I came accross this new short read aligner WHAM ( http://www.cs.wisc.edu/wham/ ). It appears that it increases the alignment speed substantially and supports indels. They compare it against Bowtie in their paper and it appears to be quite fast. They should have compared it against BWA too. Any one using it for their NGS analysis ?
Someone pointed me to WHAM a few days ago. The idea of indexing is not new. As I remember, PerM uses a similar strategy. A problem with this indexing is you have to build an index for every read length and you cannot easily trim reads while mapping. As to the evaluation, the authors asked Bowtie to output all hits. Bowtie is extremely inefficient in this case. If one wants to see all hits, (s)he should use SOAP2 or a hash-table based mapper.
One additional comment is the memory usage. The manuscript does not say how much memory WHAM uses, but it seems to me that the memory footprint is huge. Bowtie actually trades speed for a small memory footprint. Given enough memory, it can be times faster to output one hit and tens to hundreds times faster to output all hits.
looks interesting. While most aligners have you specify the allowed number of mismatches at the match stage, this one does so at the indexing stage. In addition, the read length must be specified at index creation.
I didnt see mention of how/if it uses quality information.

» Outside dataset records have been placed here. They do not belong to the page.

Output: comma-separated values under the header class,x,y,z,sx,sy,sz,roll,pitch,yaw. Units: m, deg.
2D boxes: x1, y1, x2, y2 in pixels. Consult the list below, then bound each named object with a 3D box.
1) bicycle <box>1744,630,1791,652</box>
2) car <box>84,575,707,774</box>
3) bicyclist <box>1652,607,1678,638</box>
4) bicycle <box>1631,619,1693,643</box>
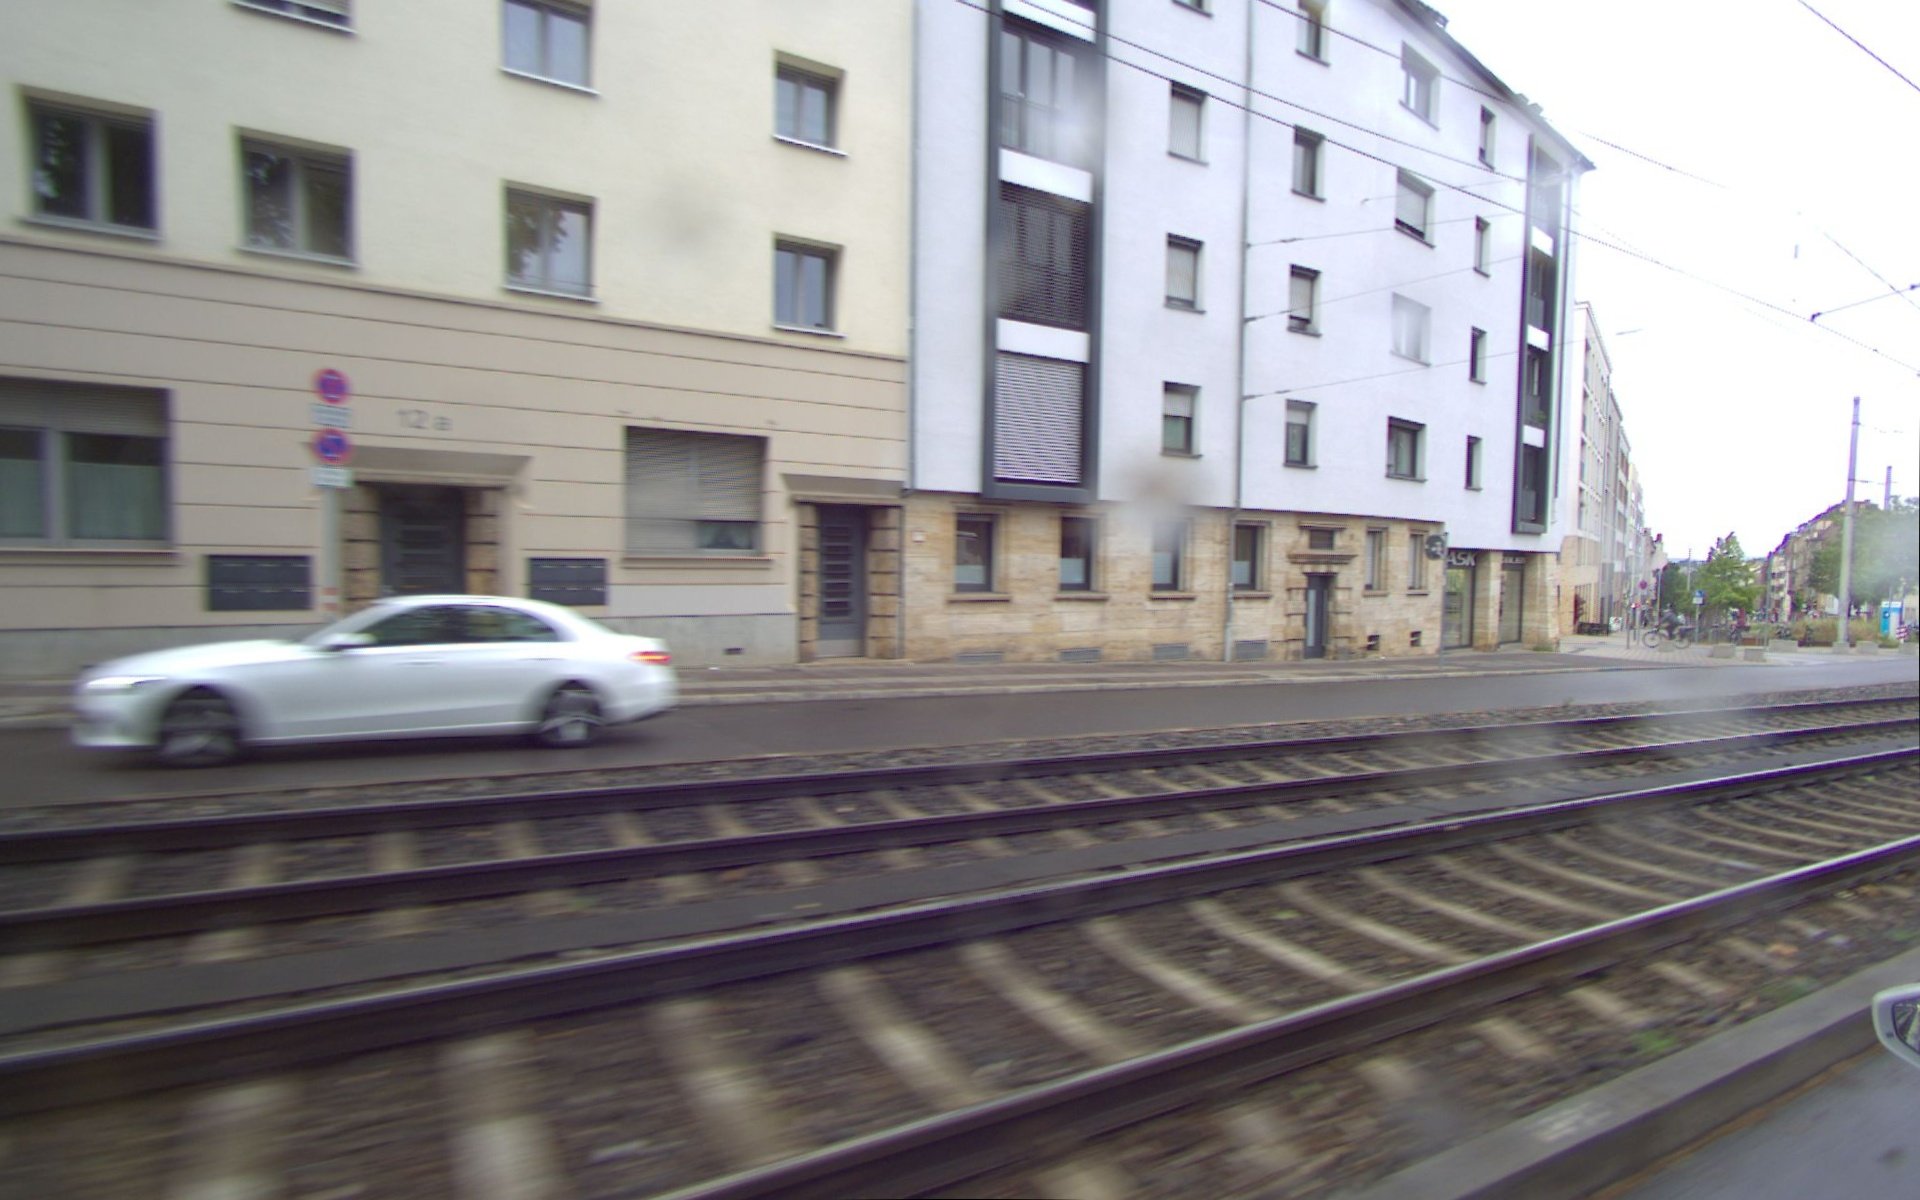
class,x,y,z,sx,sy,sz,roll,pitch,yaw
bicycle,42.265,2.139,52.605,0.564,1.075,1.802,1,1,-33
car,-5.066,0.609,9.663,4.786,1.502,1.789,2,1,-32
bicyclist,30.706,0.969,43.758,0.759,1.331,0.791,1,0,22
bicycle,30.617,1.345,43.828,2.064,0.955,0.815,1,0,21

Yes that is true, but today many people doing NGS has > 64 GB RAM servers, and if WHAM can achieve '1500 million 60bps reads per hour' as they advertised with indels then it is pretty impressive even if it means using reads of the same length.
Several big sequencing centers mostly have 2-4GB per CPU, or 8-16GB per computing node. These centers are the major force to popularize a software package.
Ok. I have tried WHAM. It is extremely fast, about 70Gbp per CPU day (I think '1500 million 60bps reads per hour' is sort of typo). On the same test data, bwa has a speed of 7Gbp per CPU day, 10X slower. Wham should have similar speed to bowtie for single-end data.
However, wham only mapped 48% of reads; a lot of perfect unique hits are missed. I was trying to use the default except setting the read length (80bp) and maximally allowed mismatches (4). Wham takes 20GB memory.
So, this is my experience. It is quite possible that I did something silly...
Someone pointed me to WHAM a few days ago. The idea of indexing is not new. As I remember, PerM uses a similar strategy. A problem with this indexing is you have to build an index for every read length and you cannot easily trim reads while mapping. As to the evaluation, the authors asked Bowtie to output all hits. Bowtie is extremely inefficient in this case. If one wants to see all hits, (s)he should use SOAP2 or a hash-table based mapper.
One additional comment is the memory usage. The manuscript does not say how much memory WHAM uses, but it seems to me that the memory footprint is huge. Bowtie actually trades speed for a small memory footprint. Given enough memory, it can be times faster to output one hit and tens to hundreds times faster to output all hits.
looks interesting. While most aligners have you specify the allowed number of mismatches at the match stage, this one does so at the indexing stage. In addition, the read length must be specified at index creation. I didnt see mention of how/if it uses quality information.
Is there a link to a paper? Looks like the index is tied to the read length.
The command line arguments used by WHAM are similar to those used by Bowtie and it does appear to have a flag for quality aware alignment. http://www.cs.wisc.edu/wham/manual Here is the link to the paper: http://users.cis.fiu.edu/~jli003/papers/li286_wham.pdf
Yes that is true, but today many people doing NGS has > 64 GB RAM servers, and if WHAM can achieve '1500 million 60bps reads per hour' as they advertised with indels then it is pretty impressive even if it means using reads of the same length.
From the comparison with bowtie in the manuscript, I believe this is a typo.
Several big sequencing centers mostly have 2-4GB per CPU, or 8-16GB per computing node. These centers are the major force to popularize a software package.